Abstract

The effects of a transpalatal arch for the symmetrical derotation of rotated first molars were evaluated in 50 children, 8–13 years of age. The positions of the molars were compared with those in 34 individuals, aged 12–18 years, with normal occlusion. Prefabricated (GAC) stainless steel arches were used for 60–198 days (median time 122 days). The effect was recorded with a measuring microscope on dental casts from before and after the treatment. Molar positions were determined from the tips of the four cusps of the tooth in relation to a coordinate system based on palatal reference points. The centre of rotation of the molars during derotation were calculated from the movement of their cusps. Before derotation the first molars were significantly mesiopalatally rotated compared with the normal occlusion group. The derotation overcompensated the initial rotation. In about two-thirds of the cases the mesiobuccal cusp of the motar moved distally during the derotation. In the remaining cases it moved mesially or remained unchanged. The median distal movement was 0.3 mm on the right and 0.5 mm on the left side. Because many molars moved mesially, on average there was no gain in space in the dental arch from the derotation.
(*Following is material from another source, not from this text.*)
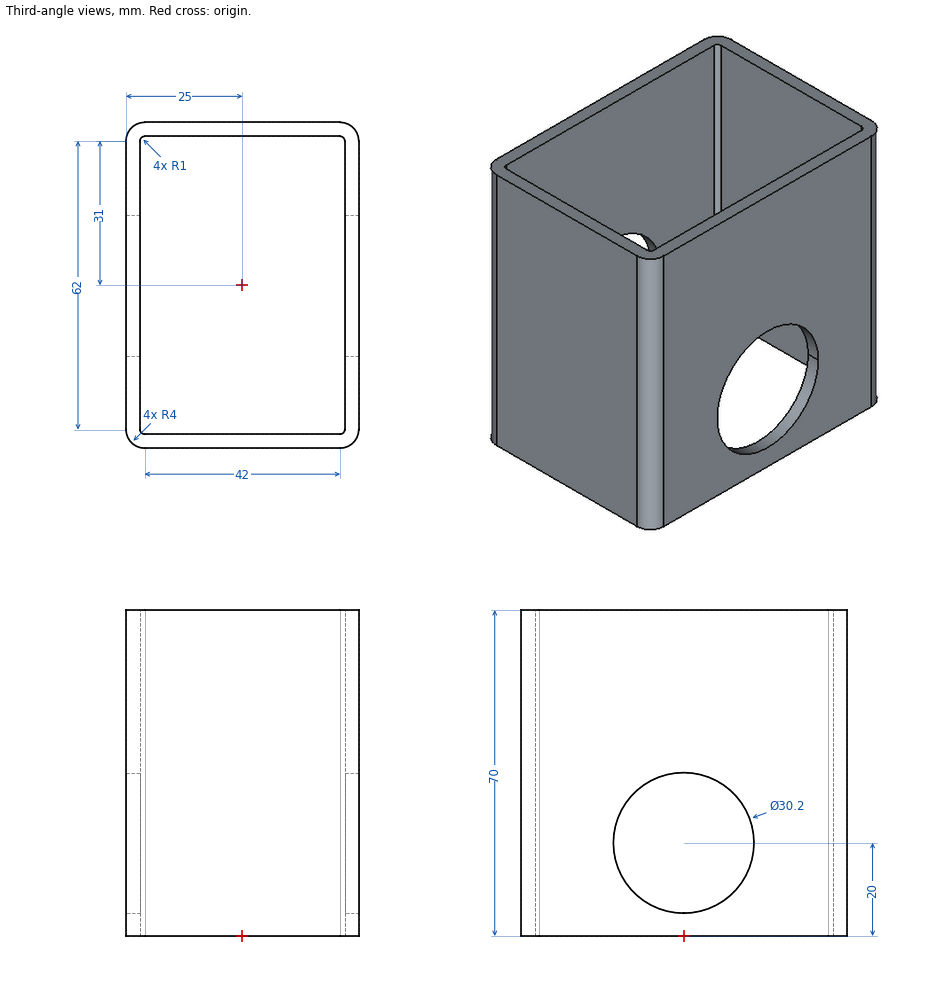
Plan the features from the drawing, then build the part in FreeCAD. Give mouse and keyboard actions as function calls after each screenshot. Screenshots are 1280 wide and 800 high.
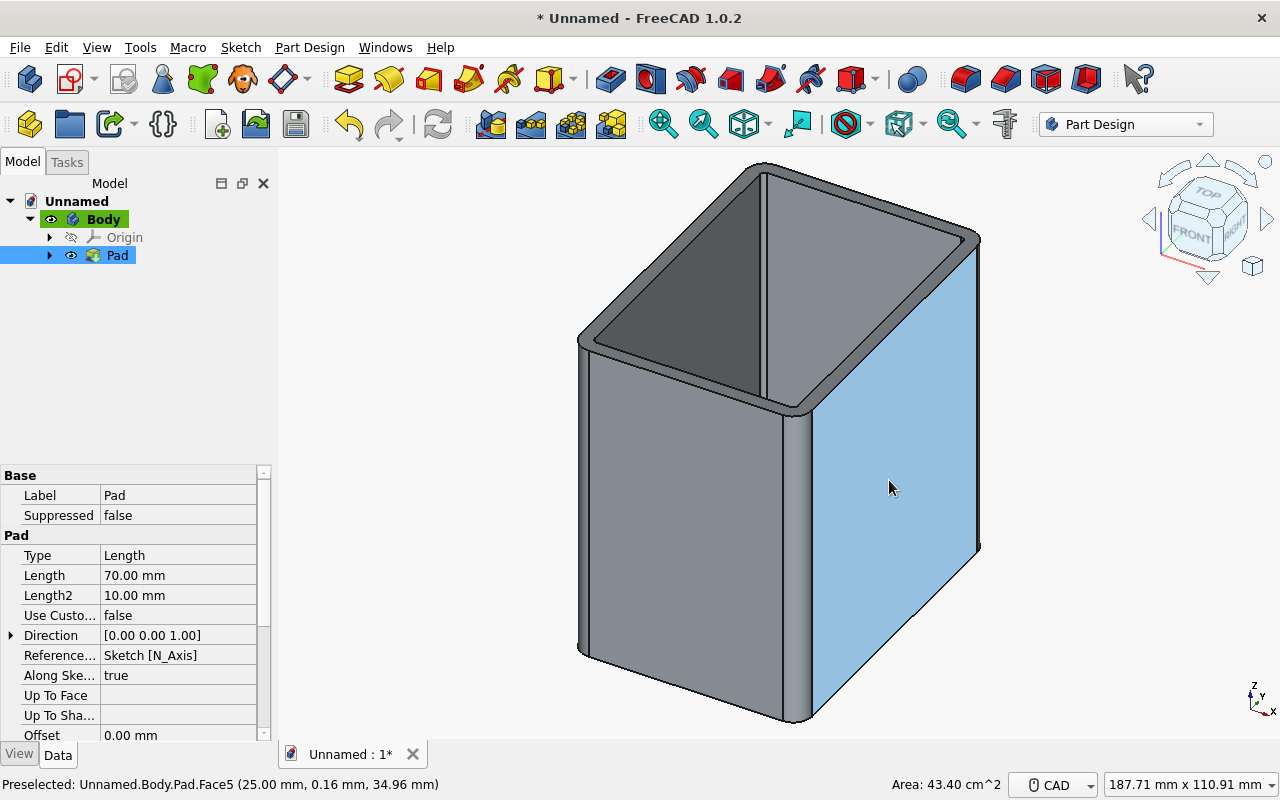
click(70, 80)

The location of the centre of derotation varied widely but it was on average located midway between the distobuccal and distopalatal cusps. In most cases the derotation resulted in a small, unintended, expansion. The study showed that mesiopalatally rotated first molars can effectively be derotated with a transpalatal arch. The effect on the mesiodistal position of the mesiobuccal cusp, and particularly with regard to space gain, is, however, unpredictable.